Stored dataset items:
──────
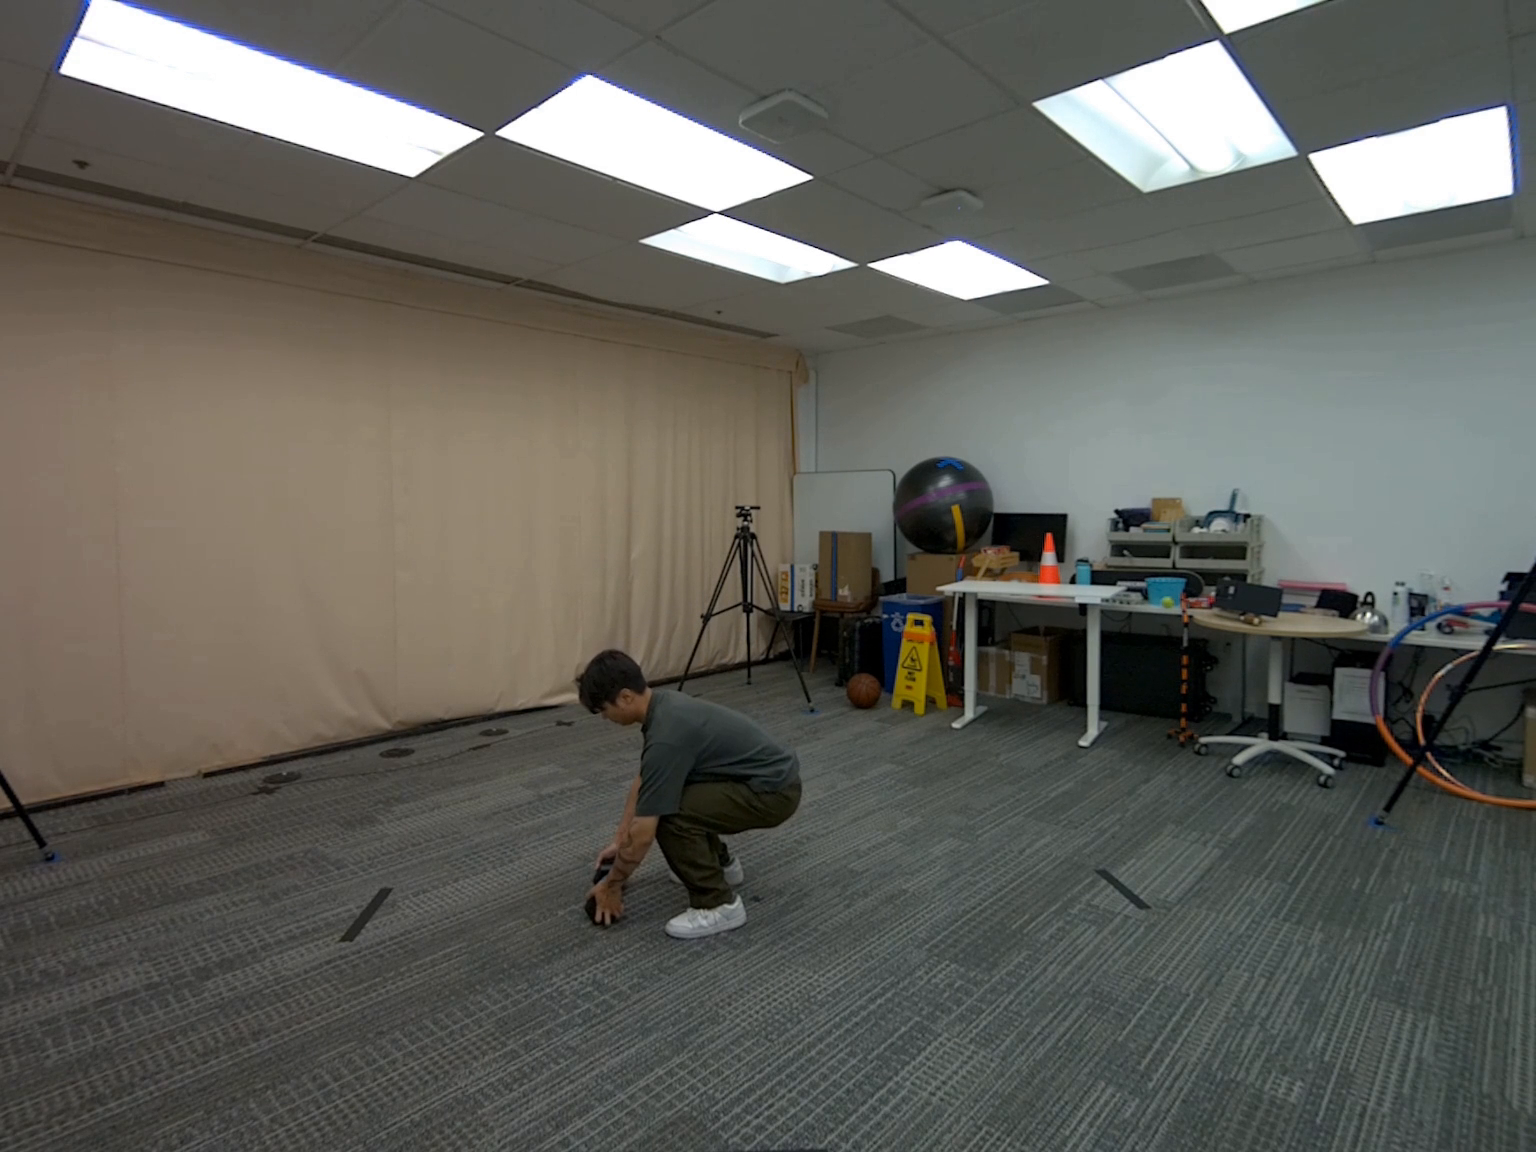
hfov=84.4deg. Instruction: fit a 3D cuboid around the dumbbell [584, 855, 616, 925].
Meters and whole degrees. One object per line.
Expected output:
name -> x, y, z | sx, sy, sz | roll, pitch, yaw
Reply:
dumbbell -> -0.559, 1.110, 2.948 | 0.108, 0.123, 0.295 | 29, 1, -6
──────
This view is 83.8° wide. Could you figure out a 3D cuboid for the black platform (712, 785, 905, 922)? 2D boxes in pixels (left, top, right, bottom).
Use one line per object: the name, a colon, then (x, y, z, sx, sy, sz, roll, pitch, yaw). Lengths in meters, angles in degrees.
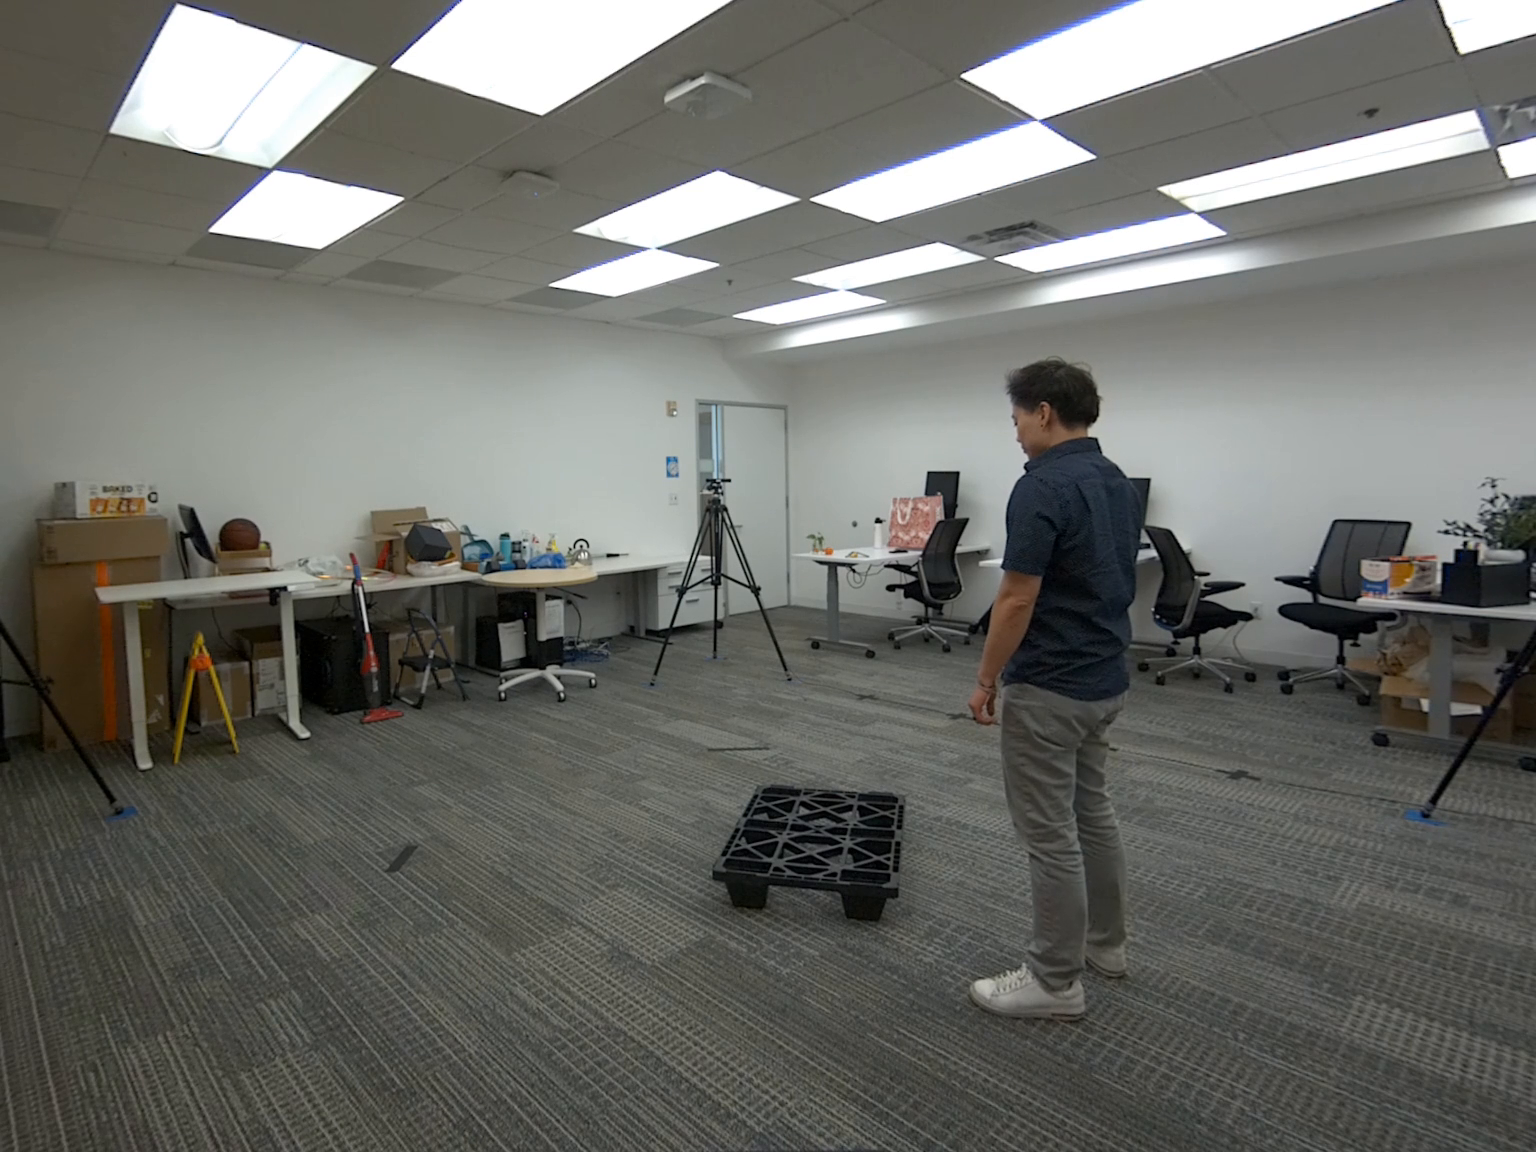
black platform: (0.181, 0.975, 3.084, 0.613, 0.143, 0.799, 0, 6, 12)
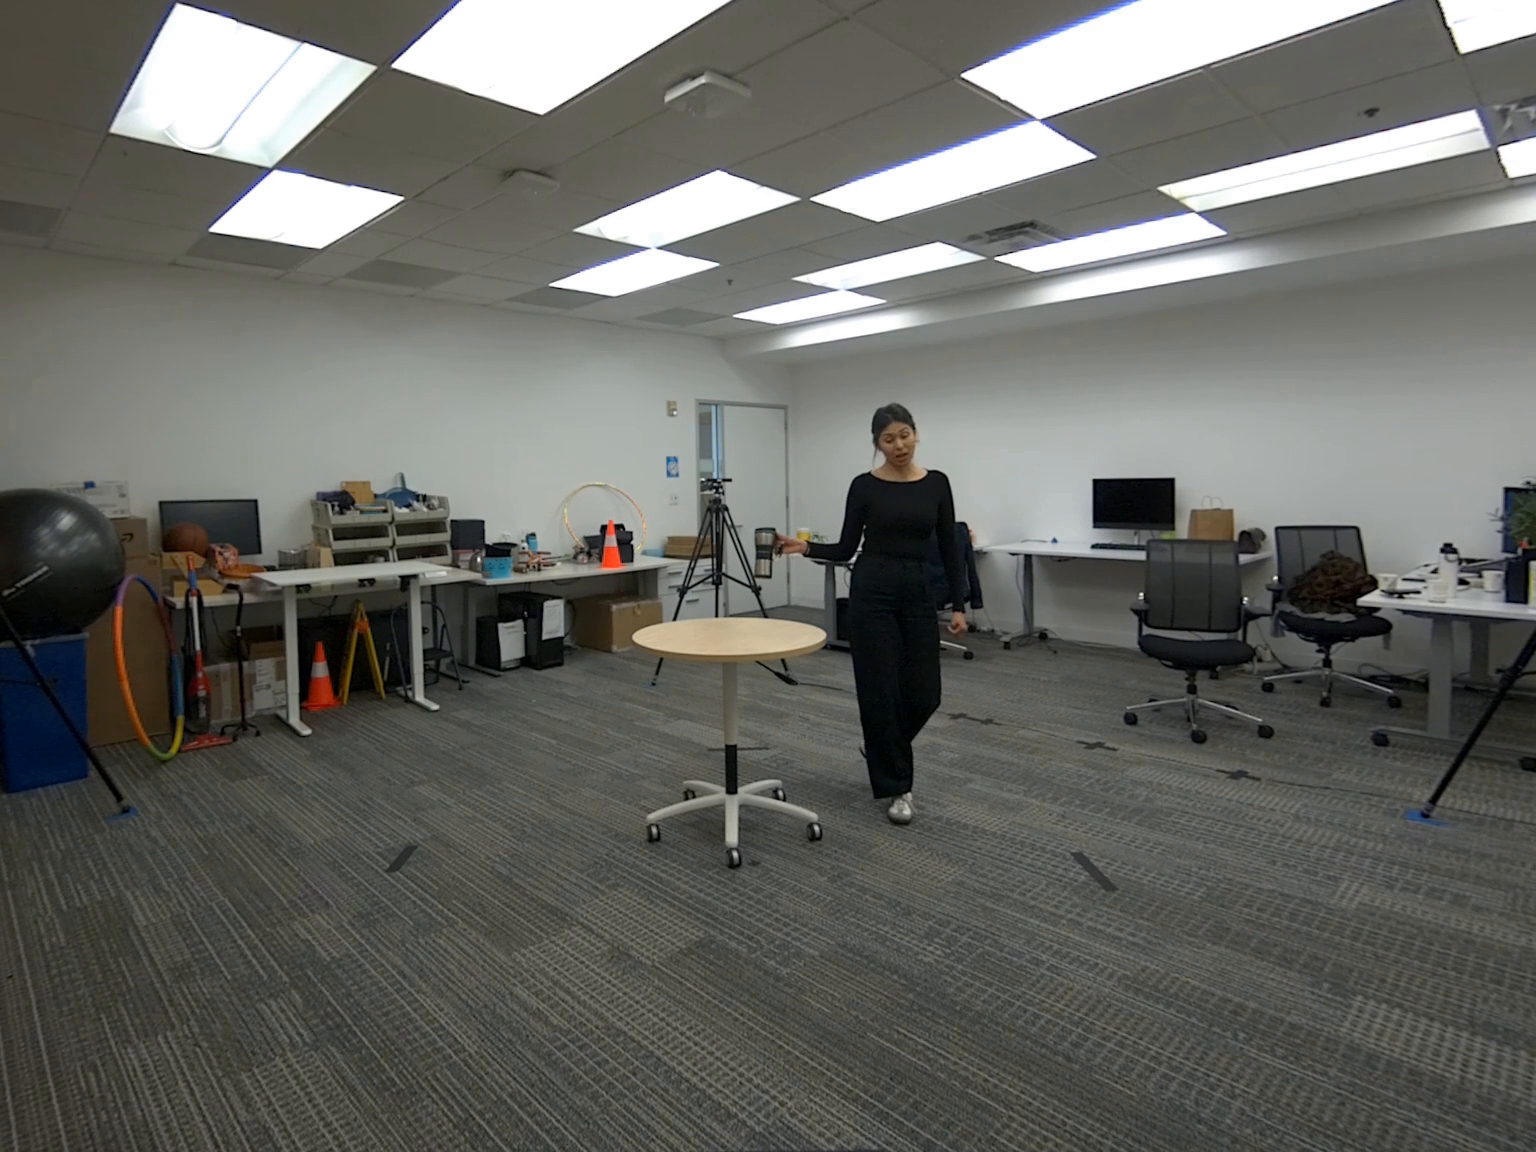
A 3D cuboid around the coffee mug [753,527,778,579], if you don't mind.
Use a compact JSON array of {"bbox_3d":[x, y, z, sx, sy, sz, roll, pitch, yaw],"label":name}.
──────
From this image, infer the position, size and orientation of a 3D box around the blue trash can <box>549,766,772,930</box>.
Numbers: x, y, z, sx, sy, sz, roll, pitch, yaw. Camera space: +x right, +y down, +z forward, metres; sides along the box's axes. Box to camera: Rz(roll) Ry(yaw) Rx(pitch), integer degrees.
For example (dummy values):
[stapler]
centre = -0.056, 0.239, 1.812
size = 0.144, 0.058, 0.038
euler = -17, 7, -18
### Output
──────
Only one stretch of the entries above is wanted: the lines from the one containing "Numbers: x, y, z, sx, sy, sz, roll, pitch, yaw." through the one containing "size = 0.144, 0.058, 0.038". Please reproduce it exactly.

▶ Reply:
Numbers: x, y, z, sx, sy, sz, roll, pitch, yaw. Camera space: +x right, +y down, +z forward, metres; sides along the box's axes. Box to camera: Rz(roll) Ry(yaw) Rx(pitch), integer degrees.
For example (dummy values):
[stapler]
centre = -0.056, 0.239, 1.812
size = 0.144, 0.058, 0.038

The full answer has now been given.